Noble moved on to connect new media with old media, drawing powerful lines between the the hypersexualized representation of women of color now and historically in the US. Specifically looking at black women and girls, the saturation of pornography that dominates the google search results for ‘black girls’ is well paralleled to antique American tropes of the ‘jezebel whore’ and ‘venus hothead’ the emerged with transatlantic slave trade and flourished throughout the Jim Crow South. For Safiya, a “‘glitch’ in the system is insufficient” in the face of this history. “30 years ago, (we) thought it was a site of liberation” said Noble. “There is no mountain of evidence except for algorithms of oppression.”

With her next examples, Noble outlined the fallout that algorithms have on the connect public, positing that search engines are “a direct threat to democracy” and are implicated as media in “suicides, genocides, mass murder, mass violence with profound impact on society.” For instance, Epstein and Robertson’s 2013 study showed that voter preference could shift substantially based on front page search results. Noble points to the flourishing of misinformation and the gamification of search engines and their facilitation of the most heinous acts. She posits that for the younger generation in particular, these advertising engines are a way to make sense of the world, often replacing teachers, libraries and vetted sources of knowledge. Looking at Dylann Roof’s manifesto as a case study, his so-called ‘racial awakening’ via anti-black red-herring search terms directly lead up to his tragic act of mass shooting in Charleston’s Emanuel African Methodist Episcopal Church in 2015.

For Noble, the United States has less of a reckoning and acknowledgment of the harmful outcomes of hate content and propaganda online than other countries like France or Germany for instance. At large, she asserts that “social inequity will not be solved by an app,” pushing instead for regulation in algorithmic technologies, and a call back on some projects with a closer look at what they mean.
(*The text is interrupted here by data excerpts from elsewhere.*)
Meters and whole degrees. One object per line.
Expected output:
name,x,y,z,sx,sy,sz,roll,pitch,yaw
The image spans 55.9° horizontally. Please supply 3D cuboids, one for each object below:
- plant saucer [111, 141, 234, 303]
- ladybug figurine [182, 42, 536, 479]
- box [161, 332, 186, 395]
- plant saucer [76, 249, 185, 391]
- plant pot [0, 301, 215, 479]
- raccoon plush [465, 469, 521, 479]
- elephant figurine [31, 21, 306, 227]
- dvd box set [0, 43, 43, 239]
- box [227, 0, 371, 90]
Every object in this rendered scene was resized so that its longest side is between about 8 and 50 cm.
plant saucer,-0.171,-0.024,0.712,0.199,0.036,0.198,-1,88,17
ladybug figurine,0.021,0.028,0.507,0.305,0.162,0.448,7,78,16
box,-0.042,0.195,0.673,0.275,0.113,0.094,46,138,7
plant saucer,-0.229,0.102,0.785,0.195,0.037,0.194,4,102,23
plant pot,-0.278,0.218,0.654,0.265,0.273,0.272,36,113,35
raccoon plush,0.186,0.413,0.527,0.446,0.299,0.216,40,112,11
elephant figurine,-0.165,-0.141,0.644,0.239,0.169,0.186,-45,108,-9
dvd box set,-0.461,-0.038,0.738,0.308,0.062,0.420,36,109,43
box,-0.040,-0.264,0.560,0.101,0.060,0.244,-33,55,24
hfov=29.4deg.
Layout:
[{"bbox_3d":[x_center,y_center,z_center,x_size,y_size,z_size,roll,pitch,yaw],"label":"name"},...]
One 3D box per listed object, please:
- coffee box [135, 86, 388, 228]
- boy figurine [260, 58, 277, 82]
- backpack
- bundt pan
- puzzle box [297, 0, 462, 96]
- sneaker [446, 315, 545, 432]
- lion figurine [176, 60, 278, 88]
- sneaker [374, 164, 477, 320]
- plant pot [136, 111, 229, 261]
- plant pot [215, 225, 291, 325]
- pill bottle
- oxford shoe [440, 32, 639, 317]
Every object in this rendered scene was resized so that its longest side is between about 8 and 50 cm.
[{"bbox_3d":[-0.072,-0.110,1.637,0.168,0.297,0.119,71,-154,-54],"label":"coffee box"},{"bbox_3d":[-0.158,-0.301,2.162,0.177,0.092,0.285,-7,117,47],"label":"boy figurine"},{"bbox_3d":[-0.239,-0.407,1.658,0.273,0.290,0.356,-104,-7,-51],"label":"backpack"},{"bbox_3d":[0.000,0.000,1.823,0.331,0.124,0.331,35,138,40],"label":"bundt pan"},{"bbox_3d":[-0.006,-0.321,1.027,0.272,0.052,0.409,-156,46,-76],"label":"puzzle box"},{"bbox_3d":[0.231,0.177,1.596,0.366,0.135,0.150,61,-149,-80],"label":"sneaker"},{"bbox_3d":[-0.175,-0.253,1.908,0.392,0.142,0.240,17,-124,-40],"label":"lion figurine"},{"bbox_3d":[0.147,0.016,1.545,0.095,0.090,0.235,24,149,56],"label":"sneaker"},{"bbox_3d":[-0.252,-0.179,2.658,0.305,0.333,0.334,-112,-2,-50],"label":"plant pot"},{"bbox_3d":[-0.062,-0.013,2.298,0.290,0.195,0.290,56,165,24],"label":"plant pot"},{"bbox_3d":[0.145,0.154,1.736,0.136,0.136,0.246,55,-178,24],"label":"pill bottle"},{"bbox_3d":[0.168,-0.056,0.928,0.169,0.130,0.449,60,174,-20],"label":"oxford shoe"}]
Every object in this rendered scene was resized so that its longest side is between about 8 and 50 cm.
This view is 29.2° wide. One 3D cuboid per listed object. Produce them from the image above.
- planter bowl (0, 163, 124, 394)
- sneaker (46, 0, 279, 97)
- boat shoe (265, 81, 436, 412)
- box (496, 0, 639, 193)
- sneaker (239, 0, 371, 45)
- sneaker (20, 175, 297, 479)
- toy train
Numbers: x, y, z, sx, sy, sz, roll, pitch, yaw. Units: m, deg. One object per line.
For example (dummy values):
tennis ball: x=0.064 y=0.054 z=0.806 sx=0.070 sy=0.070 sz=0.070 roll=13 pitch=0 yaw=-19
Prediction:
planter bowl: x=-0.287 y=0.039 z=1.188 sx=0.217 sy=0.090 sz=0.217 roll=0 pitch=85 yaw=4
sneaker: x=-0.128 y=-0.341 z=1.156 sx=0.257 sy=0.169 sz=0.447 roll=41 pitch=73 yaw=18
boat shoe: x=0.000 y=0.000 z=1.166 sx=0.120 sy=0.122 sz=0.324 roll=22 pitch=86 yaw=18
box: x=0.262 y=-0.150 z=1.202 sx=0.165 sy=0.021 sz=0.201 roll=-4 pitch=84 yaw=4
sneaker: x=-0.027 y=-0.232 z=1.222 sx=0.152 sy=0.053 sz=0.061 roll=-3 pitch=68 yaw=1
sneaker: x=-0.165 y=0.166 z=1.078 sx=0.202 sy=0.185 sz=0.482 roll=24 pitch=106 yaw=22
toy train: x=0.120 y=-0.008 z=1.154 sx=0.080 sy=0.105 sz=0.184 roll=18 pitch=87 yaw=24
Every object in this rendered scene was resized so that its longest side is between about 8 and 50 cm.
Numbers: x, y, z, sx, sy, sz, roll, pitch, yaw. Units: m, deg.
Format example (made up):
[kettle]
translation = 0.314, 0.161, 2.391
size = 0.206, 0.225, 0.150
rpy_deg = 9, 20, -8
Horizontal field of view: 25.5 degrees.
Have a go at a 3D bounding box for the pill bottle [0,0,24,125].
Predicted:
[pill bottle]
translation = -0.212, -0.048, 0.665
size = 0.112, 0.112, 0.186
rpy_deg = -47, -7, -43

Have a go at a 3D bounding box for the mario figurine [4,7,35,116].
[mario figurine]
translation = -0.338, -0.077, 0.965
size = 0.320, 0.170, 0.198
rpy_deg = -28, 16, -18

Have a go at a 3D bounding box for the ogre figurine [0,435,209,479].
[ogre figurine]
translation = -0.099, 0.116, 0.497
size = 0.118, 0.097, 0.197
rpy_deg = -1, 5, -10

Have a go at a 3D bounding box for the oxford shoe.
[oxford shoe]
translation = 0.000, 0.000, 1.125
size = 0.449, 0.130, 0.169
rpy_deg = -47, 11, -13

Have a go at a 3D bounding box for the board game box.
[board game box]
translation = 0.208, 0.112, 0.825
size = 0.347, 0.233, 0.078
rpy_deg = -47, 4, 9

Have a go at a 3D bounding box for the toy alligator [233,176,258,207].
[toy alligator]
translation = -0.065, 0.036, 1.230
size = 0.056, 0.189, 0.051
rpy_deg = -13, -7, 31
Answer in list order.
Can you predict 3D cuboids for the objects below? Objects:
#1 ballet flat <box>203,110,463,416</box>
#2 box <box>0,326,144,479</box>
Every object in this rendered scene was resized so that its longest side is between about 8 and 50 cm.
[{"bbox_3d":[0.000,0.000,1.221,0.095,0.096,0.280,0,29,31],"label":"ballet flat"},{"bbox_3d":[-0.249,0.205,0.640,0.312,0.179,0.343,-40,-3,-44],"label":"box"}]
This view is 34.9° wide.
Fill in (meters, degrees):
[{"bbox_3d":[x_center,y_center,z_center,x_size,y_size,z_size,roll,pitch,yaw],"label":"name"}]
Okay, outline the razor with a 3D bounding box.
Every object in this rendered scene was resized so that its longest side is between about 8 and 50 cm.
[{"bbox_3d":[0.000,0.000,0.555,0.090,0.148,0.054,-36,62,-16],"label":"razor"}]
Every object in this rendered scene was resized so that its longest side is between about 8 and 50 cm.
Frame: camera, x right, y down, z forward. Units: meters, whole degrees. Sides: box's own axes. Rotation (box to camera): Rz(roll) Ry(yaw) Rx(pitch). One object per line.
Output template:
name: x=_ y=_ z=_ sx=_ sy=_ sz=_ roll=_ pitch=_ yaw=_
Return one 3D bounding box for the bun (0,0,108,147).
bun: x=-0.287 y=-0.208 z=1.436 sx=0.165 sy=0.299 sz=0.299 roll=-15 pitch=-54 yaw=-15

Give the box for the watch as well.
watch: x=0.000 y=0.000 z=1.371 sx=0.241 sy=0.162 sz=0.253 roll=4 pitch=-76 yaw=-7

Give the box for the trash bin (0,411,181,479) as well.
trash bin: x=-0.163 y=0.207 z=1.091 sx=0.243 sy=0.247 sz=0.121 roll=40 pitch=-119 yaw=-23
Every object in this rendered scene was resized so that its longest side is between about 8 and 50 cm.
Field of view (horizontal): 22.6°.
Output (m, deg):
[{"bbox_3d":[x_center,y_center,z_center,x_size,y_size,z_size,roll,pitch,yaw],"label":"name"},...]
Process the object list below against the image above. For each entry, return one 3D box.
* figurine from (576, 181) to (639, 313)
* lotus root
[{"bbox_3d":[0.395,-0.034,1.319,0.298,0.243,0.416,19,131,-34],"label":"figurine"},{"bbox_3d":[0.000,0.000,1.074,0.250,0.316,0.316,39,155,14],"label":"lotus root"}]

In the second part, Noble responded to written questions by the audience in a conversation facilitated by Abigail De Kosnik. One of the main topics was: As students, teachers, journalists, computer scientists, policy-makers and civilians—what do we do? To this end, Noble propels a broad resistance to “prescriptive solutions”, instead encouraging the audience to “seek complex conversations and deep engagement.” The are many “technologies around an instant answer that can be quickly implemented,” she said, “but pull back. All the world’s knowledge can not be known in 0.3 seconds.” She outlines the need for multiplicity to serve as checks and balances. Cyber-racist and hate speech “gets more speech” as sensational and violent content is more valuable to advertising algorithms and heavily amplified. Noble argued to “counter hate speech with more speech.” For her, at a policy level, it’s not just about regulating big tech, but also balancing the commercial sector with democratic counterweights. While a shifting of public resources into big tech is becoming normalized in the name of ‘efficiency’ and ‘ease’, investment in public education, libraries and media like NPR and PBS, are ways of “surfacing different conversations” that answer to “different priorities and appetites.”

Another question, which Noble said was her most popular one, asked about google search and it’s basis on user interaction and engagement. She challenged the mythology that search engines are democratic and “only reflect the interest of the people.” Turning back to the example of porn industry’s dominance in the search results for terms associated with women of color, she questioned how money moves through these medias and their intersecting interests. After all, “it is an advertising platform!” Noble urges. “It’s great when you want to buy skirts, but not good for understanding race relations in the US.” While search algorithms often excel at giving us answers to the banal (how many tbsp in a cup?), it shifts our expectations and reinforces our trust in the system, obscuring its limits of knowledge building and sharing in our complex realities.